D-Project OPÉRATION MANGA
1 juillet 2013 - CulturesNo Comment   //   2779 Views   //   N°: 42

Une véritable école malgache de mangas est en train d’éclore. Son point de ralliement le D-Project de l’association Roses & Baobab. De jeunes talents (on dit « mangakas ») qui ne désespèrent pas de mettre un jour des « lambahoany » à leurs personnages…

Si le manga malgache peine encore à trouver son identité, au sens où il est encore très calqué sur la façon de faire des Japonais, on sent parmi la génération montante un vif désir d’émancipation. Cela est particulièrement vrai au sein du collectif D-Project (pour Drawing Project), la branche « dessin » de l’association Roses & Baobab. En activité depuis janvier 2013, ce véritable laboratoire du manga (mais pas seulement) abrite de jeunes mangakas (dessinateurs) pleins de promesses, tels Tahina, Gael, Suki, Sawyer, Hachimitsu ou Spiel. « Tahina et moi savions que Roses & Baobab s’occupait d’art malagasy. On leur a montré nos dessins et le président Gérard Albin Fiorina a été intéressé à nous intégrer à l’association »explique Gael.

Le public a eu l’occasion de les découvrir à la galerie Art’ko de Roses & Baobab du 11 mai au 1er juin.
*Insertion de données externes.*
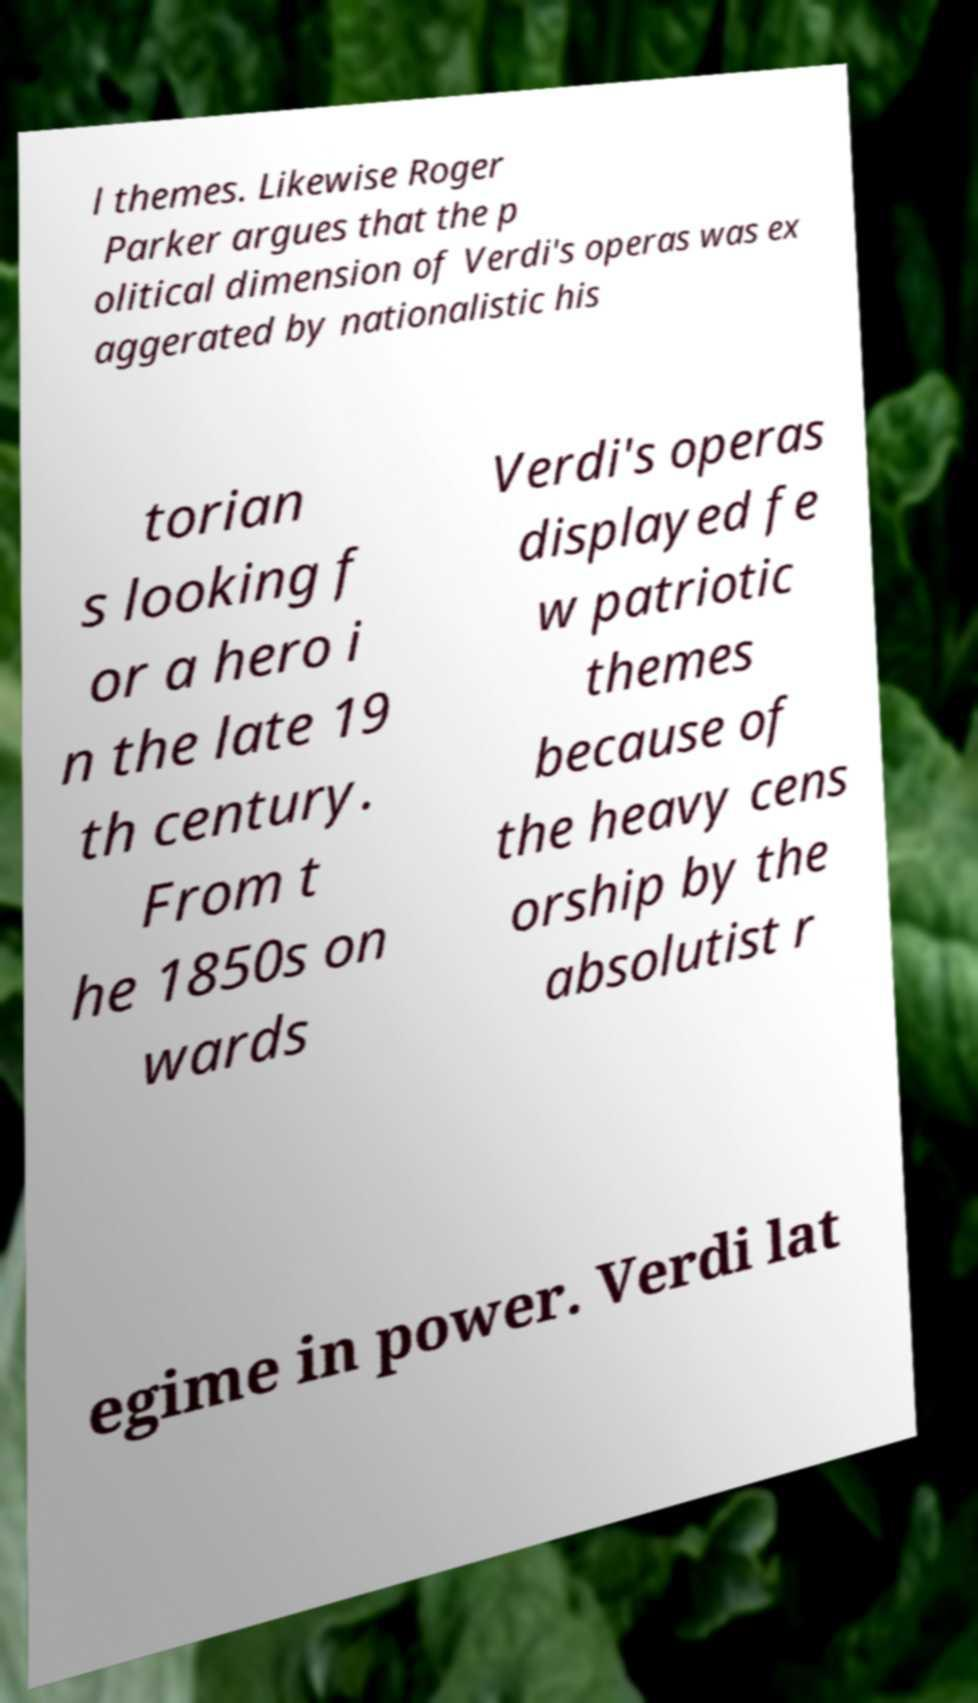Please identify and transcribe the text found in this image. l themes. Likewise Roger Parker argues that the p olitical dimension of Verdi's operas was ex aggerated by nationalistic his torian s looking f or a hero i n the late 19 th century. From t he 1850s on wards Verdi's operas displayed fe w patriotic themes because of the heavy cens orship by the absolutist r egime in power. Verdi lat 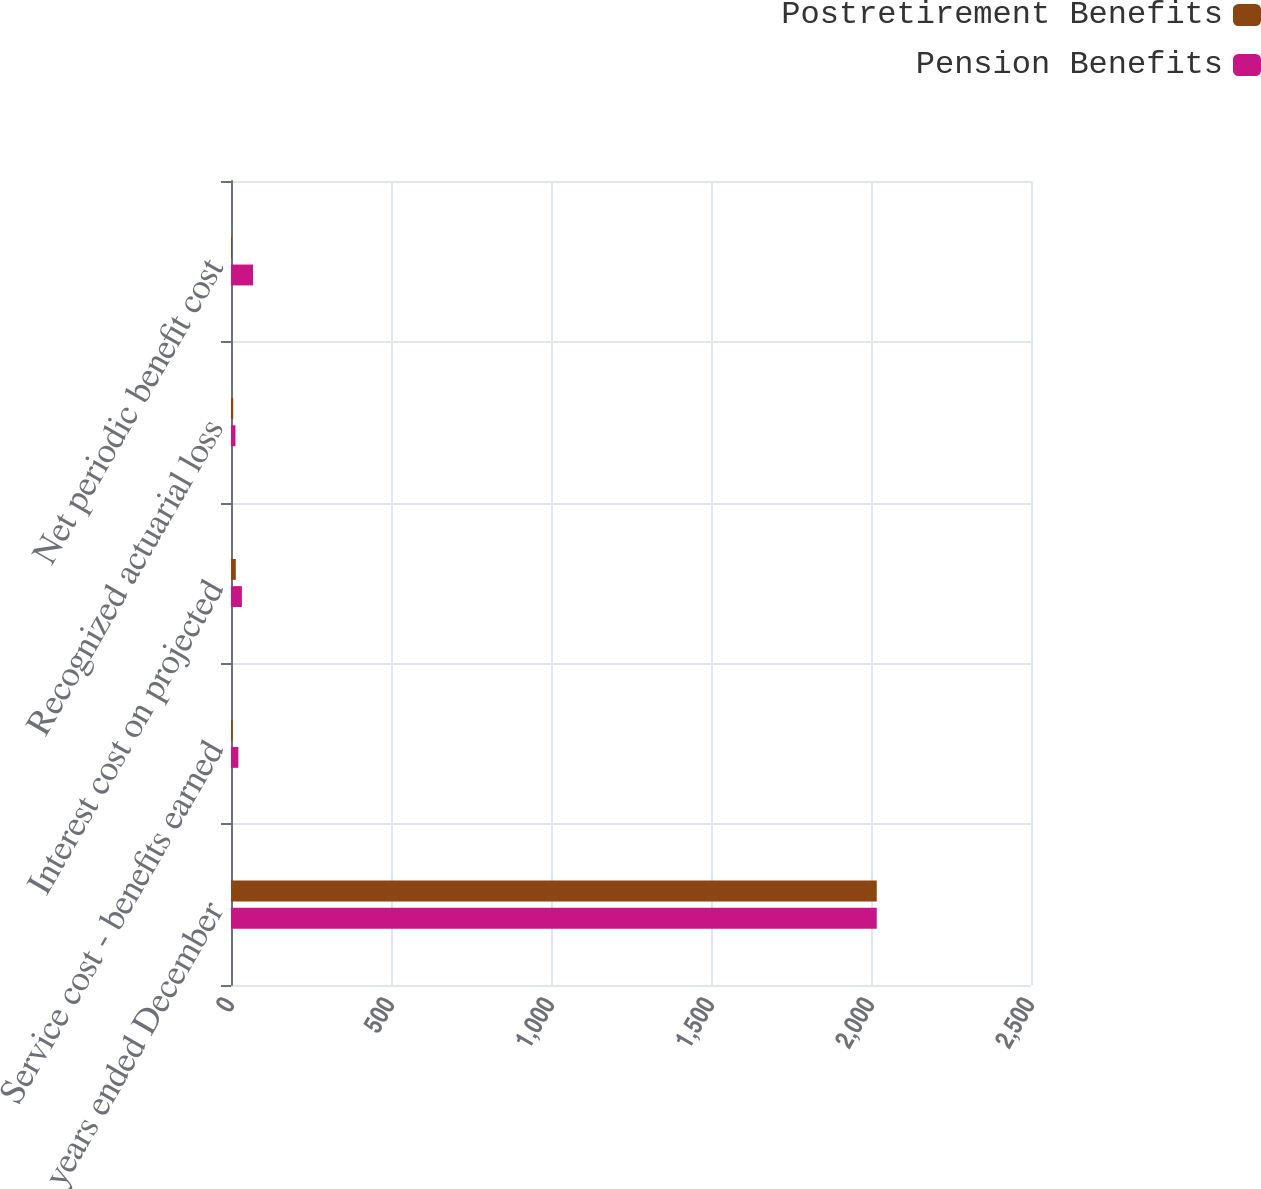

Juste un aperçu de ce qu’ils savent faire, en attendant la parution de leur premier album de bédé qu’ils sont en train de réaliser chacun de leur côté. Chacun dans son style à lui. Tahina aime dessiner des femmes sexy ; Suki préfère les images sombres, fantomatiques, voire sanglantes ; Gael est davantage tourné vers les univers médiévaux fantastiques, mélangés à des éléments futuristes. Tahina est celui dont le travail est le plus avancé. Il s’attelle à un shonen, une histoire ciblant les adolescents de sexe masculin : « Les aventures d’un lycéen un brin pervers, mais plutôt humoristique »explique-t-il. Cela pour donner une idée de l’extrême variété des genres qui peuvent cohabiter au sein de la nébuleuse manga. 

Ce mot japonais signifiant « image dérisoire » ou « caricature grotesque » n’a pris le sens de bande dessinée qu’à partir de 1945. Les mangas, ce sont des millions d’albums qui paraissent au Japon et inondent le monde, souvent associés à des jouets ou à des jeux vidéo. Dragon Ball s’est vendu à plus de 250 millions d’exemplaires, surpassant même Tintin…

Dû à sa composante asiatique, le public malgache semble avoir une sensibilité naturelle vis-à-vis de la culture japonaise, et notamment du manga. Suki l’explique par la facilité avec laquelle ce média parvient à véhiculer les émotions, sans trop passer par les mots. « Le rythme est plus rapide que dans les bédés occidentales. Au niveau du découpage et des cadrages, cela ressemble au cinéma. Et il y a plus d’onomatopées que de vrais textes » L’hyper-expressivité des visages, touchant effectivement à la caricature et au grotesque (par exemple, l’évanouissement signifié par une croix remplaçant les yeux) est l’un des autres grands traits de l’esthétique manga. « On ne va pas jusqu’à reprendre, comme les Américains ou les Français, le sens de la lecture japonaise (de droite à gauche), une certaine confusion dans l’esprit du lecteur. Il faut l’initier petit à petit », considère Gael.

Parfaitement autodidactes, tous ont commencé en observant les dessins animés adaptés de mangas diffusés à la télévision malgache. Séduits, ils commencent par les imiter avant de véritablement chercher leur style. Encore aujourd’hui, ils se réfèrent aux grands noms du genre, tels Osamu Tezuka (Le Roi Léo, Astroboy), Takeshi Otaba (Death Note) ou à des créateurs de jeux vidéo comme Tetsuya Nomura (Final Fantasy). Avec cette différence qu’ils veulent parvenir le plus possible à du manga malgache. « On insère des éléments de mythologies malgaches dans nos histoires. On ne prévoit pas encore de dessiner des femmes en lambahoany, mais ça viendra. Raconter l’histoire de Madagascar en manga ce serait déjà une belle réussite », estime Suki.